How to complete this task>
From the line with "text De beschikking" to the last line of the data below, repeat every line exactly and add nothing.

Material for this task>

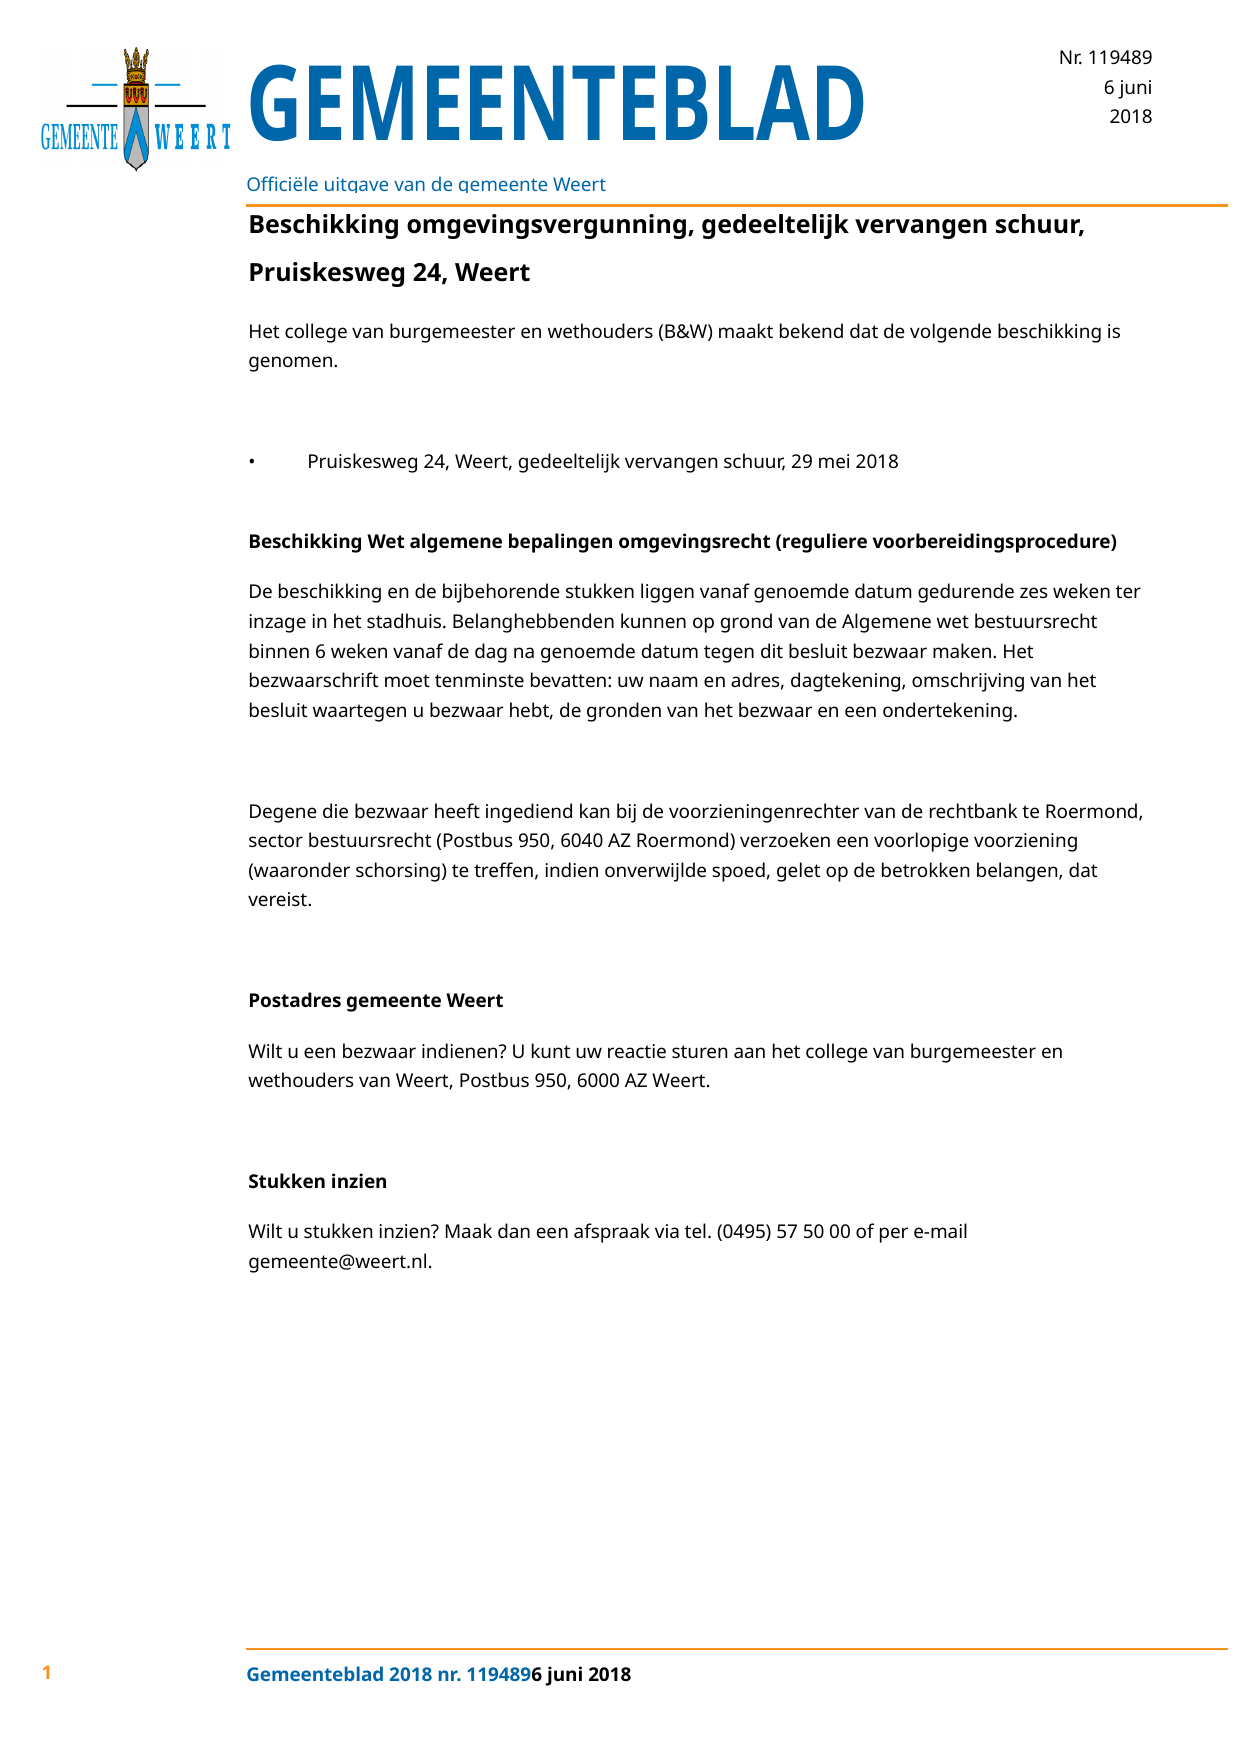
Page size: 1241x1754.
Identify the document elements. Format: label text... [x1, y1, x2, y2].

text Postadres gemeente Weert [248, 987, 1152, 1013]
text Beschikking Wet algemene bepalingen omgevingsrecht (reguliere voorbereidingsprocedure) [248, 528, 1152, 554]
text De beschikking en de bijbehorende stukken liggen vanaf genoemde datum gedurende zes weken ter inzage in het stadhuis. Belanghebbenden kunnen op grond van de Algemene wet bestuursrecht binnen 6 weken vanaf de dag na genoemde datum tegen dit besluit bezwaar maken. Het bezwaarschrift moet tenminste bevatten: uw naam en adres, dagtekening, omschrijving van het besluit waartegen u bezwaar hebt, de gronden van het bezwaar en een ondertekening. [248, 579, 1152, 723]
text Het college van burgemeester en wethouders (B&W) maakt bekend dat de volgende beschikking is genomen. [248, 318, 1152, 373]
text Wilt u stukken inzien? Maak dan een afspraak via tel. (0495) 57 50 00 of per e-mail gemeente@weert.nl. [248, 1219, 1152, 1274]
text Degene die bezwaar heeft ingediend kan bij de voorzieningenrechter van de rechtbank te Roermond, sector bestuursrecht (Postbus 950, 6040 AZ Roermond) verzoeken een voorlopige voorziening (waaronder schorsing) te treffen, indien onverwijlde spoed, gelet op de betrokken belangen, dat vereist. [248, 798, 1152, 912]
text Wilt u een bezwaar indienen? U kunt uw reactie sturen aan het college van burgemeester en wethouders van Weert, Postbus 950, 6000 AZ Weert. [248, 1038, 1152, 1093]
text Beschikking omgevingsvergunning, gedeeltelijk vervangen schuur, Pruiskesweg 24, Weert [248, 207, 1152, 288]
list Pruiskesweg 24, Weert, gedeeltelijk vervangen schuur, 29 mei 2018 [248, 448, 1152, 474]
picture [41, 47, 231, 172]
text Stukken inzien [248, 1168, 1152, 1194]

Exercise output>
text De beschikking en de bijbehorende stukken liggen vanaf genoemde datum gedurende zes weken ter inzage in het stadhuis. Belanghebbenden kunnen op grond van de Algemene wet bestuursrecht binnen 6 weken vanaf de dag na genoemde datum tegen dit besluit bezwaar maken. Het bezwaarschrift moet tenminste bevatten: uw naam en adres, dagtekening, omschrijving van het besluit waartegen u bezwaar hebt, de gronden van het bezwaar en een ondertekening. [248, 579, 1152, 723]
text Het college van burgemeester en wethouders (B&W) maakt bekend dat de volgende beschikking is genomen. [248, 318, 1152, 373]
text Wilt u stukken inzien? Maak dan een afspraak via tel. (0495) 57 50 00 of per e-mail gemeente@weert.nl. [248, 1219, 1152, 1274]
text Degene die bezwaar heeft ingediend kan bij de voorzieningenrechter van de rechtbank te Roermond, sector bestuursrecht (Postbus 950, 6040 AZ Roermond) verzoeken een voorlopige voorziening (waaronder schorsing) te treffen, indien onverwijlde spoed, gelet op de betrokken belangen, dat vereist. [248, 798, 1152, 912]
text Wilt u een bezwaar indienen? U kunt uw reactie sturen aan het college van burgemeester en wethouders van Weert, Postbus 950, 6000 AZ Weert. [248, 1038, 1152, 1093]
text Beschikking omgevingsvergunning, gedeeltelijk vervangen schuur, Pruiskesweg 24, Weert [248, 207, 1152, 288]
list Pruiskesweg 24, Weert, gedeeltelijk vervangen schuur, 29 mei 2018 [248, 448, 1152, 474]
picture [41, 47, 231, 172]
text Stukken inzien [248, 1168, 1152, 1194]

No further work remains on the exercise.